Of course, Baker is aware of this problem. He just prefers to use the automation story to highlight other problems in our society. This morning he wrote, The Scary Robot Story Stems from Confusion by the Story Tellers. In it, he argues the real problem is not the robots, but long patents protection. In a free market, robots will be cheap. “In short, the scary story is a story of patent policy designed to redistribute income upward. It has nothing to do with technology.”
I agree. But you could say the same thing about globalization. The problem isn’t globalization, it is all those other policies designed to redistribute income upward. Our inequality problem is the result of those policies and not the broader economic trends. But given that we do have these policies, globalization is a very bad thing for most people. And robots are a real concern. As Donald Rumsfeld might say, “You lose your job to robots with the policies you have, not the policies you want.”

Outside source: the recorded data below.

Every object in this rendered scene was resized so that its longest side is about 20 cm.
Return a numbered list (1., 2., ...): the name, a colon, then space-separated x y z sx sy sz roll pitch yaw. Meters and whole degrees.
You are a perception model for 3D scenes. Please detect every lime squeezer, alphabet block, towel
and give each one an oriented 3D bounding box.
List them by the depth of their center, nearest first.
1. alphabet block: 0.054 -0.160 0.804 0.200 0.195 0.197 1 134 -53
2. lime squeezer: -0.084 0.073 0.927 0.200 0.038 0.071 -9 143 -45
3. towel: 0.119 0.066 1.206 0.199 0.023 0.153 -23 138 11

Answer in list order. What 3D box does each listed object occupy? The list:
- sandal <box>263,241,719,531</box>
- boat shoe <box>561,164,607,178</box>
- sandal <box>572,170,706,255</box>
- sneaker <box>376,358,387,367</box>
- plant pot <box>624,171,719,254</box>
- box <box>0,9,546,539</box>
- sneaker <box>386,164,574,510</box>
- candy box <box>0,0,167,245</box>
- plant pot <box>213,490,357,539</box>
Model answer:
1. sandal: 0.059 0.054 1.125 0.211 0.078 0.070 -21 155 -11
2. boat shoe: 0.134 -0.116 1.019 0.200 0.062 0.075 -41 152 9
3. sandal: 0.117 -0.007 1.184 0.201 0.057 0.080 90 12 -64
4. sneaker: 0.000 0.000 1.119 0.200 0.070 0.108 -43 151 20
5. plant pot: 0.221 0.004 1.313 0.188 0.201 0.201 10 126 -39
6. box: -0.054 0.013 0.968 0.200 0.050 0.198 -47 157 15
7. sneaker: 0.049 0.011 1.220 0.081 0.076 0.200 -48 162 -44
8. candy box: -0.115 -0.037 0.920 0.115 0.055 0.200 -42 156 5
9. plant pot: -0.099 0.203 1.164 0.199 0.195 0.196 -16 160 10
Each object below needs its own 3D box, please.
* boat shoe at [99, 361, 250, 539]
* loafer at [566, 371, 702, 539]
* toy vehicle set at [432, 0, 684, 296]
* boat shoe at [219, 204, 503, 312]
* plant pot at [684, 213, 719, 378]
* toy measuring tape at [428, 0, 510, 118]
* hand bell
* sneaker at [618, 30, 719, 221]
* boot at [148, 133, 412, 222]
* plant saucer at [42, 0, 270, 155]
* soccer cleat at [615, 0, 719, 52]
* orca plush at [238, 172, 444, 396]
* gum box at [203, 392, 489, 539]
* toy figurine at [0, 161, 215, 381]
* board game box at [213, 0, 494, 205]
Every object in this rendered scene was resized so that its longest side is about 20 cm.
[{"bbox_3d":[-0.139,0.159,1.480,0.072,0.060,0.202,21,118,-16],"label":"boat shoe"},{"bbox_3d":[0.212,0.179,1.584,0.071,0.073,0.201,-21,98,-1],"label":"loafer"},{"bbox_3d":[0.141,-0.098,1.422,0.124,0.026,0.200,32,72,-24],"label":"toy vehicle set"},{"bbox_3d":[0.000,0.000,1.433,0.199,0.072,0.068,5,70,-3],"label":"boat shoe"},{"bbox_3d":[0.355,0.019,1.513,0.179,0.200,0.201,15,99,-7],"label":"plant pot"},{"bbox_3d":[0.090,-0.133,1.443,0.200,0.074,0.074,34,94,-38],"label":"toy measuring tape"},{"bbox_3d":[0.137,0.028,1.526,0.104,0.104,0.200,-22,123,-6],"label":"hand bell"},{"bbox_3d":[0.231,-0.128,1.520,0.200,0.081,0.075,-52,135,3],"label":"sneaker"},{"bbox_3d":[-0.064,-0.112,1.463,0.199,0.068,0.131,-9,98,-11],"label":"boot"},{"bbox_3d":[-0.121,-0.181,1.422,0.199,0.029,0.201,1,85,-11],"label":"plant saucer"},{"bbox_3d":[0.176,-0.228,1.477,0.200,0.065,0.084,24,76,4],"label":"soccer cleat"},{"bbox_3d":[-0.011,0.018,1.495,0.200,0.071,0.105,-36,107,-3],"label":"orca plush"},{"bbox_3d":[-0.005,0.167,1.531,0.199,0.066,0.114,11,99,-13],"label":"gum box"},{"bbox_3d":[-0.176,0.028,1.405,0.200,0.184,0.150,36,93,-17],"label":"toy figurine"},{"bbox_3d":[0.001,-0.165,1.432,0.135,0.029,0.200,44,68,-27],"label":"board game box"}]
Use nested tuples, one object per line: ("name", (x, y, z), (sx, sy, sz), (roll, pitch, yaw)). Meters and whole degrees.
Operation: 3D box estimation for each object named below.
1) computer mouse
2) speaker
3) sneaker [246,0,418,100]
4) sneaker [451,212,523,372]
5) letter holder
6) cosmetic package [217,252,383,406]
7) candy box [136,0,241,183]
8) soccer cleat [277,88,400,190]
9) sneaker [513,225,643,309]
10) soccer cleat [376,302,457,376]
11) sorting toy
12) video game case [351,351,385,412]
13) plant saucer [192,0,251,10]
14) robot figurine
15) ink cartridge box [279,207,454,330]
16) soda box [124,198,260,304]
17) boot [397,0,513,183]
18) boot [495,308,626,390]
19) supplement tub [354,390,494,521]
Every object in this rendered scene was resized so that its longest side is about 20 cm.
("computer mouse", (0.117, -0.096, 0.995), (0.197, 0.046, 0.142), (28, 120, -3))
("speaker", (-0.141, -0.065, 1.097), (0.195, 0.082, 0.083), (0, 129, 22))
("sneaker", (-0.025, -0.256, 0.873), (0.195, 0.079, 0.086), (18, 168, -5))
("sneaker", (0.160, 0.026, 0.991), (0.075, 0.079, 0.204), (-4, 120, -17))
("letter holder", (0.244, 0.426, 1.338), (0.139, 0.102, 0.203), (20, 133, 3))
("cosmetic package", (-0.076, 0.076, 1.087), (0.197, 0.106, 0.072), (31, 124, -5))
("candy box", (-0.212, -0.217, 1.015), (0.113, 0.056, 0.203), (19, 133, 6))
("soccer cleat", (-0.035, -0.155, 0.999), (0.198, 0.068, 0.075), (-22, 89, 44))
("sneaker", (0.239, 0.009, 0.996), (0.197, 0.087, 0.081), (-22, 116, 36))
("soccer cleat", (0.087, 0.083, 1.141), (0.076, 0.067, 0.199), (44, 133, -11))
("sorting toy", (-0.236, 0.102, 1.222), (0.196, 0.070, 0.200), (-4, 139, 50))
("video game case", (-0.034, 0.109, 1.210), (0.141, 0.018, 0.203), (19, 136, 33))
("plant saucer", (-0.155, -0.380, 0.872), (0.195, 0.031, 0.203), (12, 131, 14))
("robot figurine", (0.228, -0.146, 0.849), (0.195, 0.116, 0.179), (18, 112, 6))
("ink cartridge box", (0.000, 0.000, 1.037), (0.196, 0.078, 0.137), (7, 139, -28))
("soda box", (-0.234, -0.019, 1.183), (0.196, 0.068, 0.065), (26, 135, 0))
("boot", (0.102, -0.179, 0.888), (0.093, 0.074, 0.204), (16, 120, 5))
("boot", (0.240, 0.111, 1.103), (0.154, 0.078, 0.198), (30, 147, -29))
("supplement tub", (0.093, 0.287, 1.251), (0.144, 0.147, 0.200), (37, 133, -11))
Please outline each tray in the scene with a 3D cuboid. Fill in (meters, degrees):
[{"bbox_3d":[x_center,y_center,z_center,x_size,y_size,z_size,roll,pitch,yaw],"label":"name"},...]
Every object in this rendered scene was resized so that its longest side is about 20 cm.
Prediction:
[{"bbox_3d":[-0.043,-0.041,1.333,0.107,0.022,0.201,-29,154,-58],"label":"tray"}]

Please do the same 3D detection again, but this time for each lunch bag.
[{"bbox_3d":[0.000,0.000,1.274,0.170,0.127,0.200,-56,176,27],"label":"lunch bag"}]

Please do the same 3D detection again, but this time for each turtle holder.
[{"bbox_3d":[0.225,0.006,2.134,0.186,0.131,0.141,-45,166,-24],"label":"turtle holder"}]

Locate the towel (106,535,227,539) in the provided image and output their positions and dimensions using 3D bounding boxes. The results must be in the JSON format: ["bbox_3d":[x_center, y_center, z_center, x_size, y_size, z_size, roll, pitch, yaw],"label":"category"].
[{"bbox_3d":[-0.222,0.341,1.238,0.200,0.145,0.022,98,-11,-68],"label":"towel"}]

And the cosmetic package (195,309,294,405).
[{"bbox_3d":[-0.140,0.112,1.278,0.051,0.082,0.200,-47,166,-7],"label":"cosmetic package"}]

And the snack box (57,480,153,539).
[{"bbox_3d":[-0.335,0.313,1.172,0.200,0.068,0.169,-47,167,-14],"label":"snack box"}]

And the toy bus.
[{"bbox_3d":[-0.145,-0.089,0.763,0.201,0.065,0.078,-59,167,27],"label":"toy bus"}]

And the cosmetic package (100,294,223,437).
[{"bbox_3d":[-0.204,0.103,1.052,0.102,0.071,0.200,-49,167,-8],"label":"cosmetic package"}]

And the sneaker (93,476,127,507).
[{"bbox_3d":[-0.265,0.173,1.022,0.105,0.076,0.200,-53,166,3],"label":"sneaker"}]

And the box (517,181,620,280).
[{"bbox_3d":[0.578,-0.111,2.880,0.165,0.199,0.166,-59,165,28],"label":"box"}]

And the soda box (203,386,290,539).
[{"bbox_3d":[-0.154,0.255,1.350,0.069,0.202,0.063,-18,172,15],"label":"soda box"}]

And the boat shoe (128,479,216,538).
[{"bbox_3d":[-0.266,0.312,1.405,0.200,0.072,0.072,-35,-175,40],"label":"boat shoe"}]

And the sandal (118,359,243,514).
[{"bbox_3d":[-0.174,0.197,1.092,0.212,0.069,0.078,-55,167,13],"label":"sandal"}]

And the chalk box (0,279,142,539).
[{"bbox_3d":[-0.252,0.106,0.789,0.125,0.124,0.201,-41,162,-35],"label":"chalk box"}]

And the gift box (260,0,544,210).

Baker seems to be focusing too much on the theoretical here. This is not like him. But I suspect in his mind, discussions of robots and automation are a distraction from very real problems in the economy now and going forward. The inefficiencies of our intellectual property system are a big issue to Baker. And it is a big issue to me. But the problem with robots is much deeper than patents.
The real problem is continually increasing inequality. Our broken intellectual property system is a result of that inequality. After all, we didn’t get copyright lengths that are roughly a century long because writers and software developers were demanding it. We got them because powerful rentiers didn’t want to lose their ability to charge rents on really old stuff. The biggest example of this is Disney with Mickey Mouse. So the more robots we have, the more inequality will increase. And that would just result in longer and stronger patent protections.
So I agree with Baker that robots are a second-order problem. But they are still a problem given the unequal status of people in the nation and the world. And the fact that people talk about robots is indicative of the fact that they don’t see our system changing. Unfortunately, they have good reasons for being so cynical.